## ASSIGNMENT
What is needed is an exact transcription of every entry below.

____ EXTRACTED DATA

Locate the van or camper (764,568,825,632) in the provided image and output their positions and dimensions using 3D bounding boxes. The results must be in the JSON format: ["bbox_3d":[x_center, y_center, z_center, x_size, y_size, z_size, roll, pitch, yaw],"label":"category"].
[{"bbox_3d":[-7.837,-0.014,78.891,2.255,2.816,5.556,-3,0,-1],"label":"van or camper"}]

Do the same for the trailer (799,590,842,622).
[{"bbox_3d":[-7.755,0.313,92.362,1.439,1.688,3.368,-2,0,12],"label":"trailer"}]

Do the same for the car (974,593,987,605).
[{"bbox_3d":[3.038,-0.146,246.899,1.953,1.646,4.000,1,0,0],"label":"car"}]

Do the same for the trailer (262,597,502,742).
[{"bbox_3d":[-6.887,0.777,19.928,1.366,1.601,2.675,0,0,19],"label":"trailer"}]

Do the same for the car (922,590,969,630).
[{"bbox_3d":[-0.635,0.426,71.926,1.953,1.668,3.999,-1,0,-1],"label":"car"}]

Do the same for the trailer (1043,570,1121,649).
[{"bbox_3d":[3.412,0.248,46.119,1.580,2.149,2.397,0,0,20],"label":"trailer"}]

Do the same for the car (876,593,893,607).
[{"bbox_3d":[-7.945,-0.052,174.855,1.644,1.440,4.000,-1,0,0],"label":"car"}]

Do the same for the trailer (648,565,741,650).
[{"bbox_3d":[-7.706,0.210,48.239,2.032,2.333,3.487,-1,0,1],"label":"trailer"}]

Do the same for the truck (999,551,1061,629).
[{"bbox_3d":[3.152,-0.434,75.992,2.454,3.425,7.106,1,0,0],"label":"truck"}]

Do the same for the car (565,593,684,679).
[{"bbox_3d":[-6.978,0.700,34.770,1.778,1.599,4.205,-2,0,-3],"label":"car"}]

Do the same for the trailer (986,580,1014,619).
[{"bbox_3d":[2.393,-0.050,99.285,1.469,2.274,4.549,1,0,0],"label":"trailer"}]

________

## TASK RESPONSE
Locate the van or camper (764,568,825,632) in the provided image and output their positions and dimensions using 3D bounding boxes. The results must be in the JSON format: ["bbox_3d":[x_center, y_center, z_center, x_size, y_size, z_size, roll, pitch, yaw],"label":"category"].
[{"bbox_3d":[-7.837,-0.014,78.891,2.255,2.816,5.556,-3,0,-1],"label":"van or camper"}]

Do the same for the trailer (799,590,842,622).
[{"bbox_3d":[-7.755,0.313,92.362,1.439,1.688,3.368,-2,0,12],"label":"trailer"}]

Do the same for the car (974,593,987,605).
[{"bbox_3d":[3.038,-0.146,246.899,1.953,1.646,4.000,1,0,0],"label":"car"}]

Do the same for the trailer (262,597,502,742).
[{"bbox_3d":[-6.887,0.777,19.928,1.366,1.601,2.675,0,0,19],"label":"trailer"}]

Do the same for the car (922,590,969,630).
[{"bbox_3d":[-0.635,0.426,71.926,1.953,1.668,3.999,-1,0,-1],"label":"car"}]

Do the same for the trailer (1043,570,1121,649).
[{"bbox_3d":[3.412,0.248,46.119,1.580,2.149,2.397,0,0,20],"label":"trailer"}]

Do the same for the car (876,593,893,607).
[{"bbox_3d":[-7.945,-0.052,174.855,1.644,1.440,4.000,-1,0,0],"label":"car"}]

Do the same for the trailer (648,565,741,650).
[{"bbox_3d":[-7.706,0.210,48.239,2.032,2.333,3.487,-1,0,1],"label":"trailer"}]

Do the same for the truck (999,551,1061,629).
[{"bbox_3d":[3.152,-0.434,75.992,2.454,3.425,7.106,1,0,0],"label":"truck"}]

Do the same for the car (565,593,684,679).
[{"bbox_3d":[-6.978,0.700,34.770,1.778,1.599,4.205,-2,0,-3],"label":"car"}]

Do the same for the trailer (986,580,1014,619).
[{"bbox_3d":[2.393,-0.050,99.285,1.469,2.274,4.549,1,0,0],"label":"trailer"}]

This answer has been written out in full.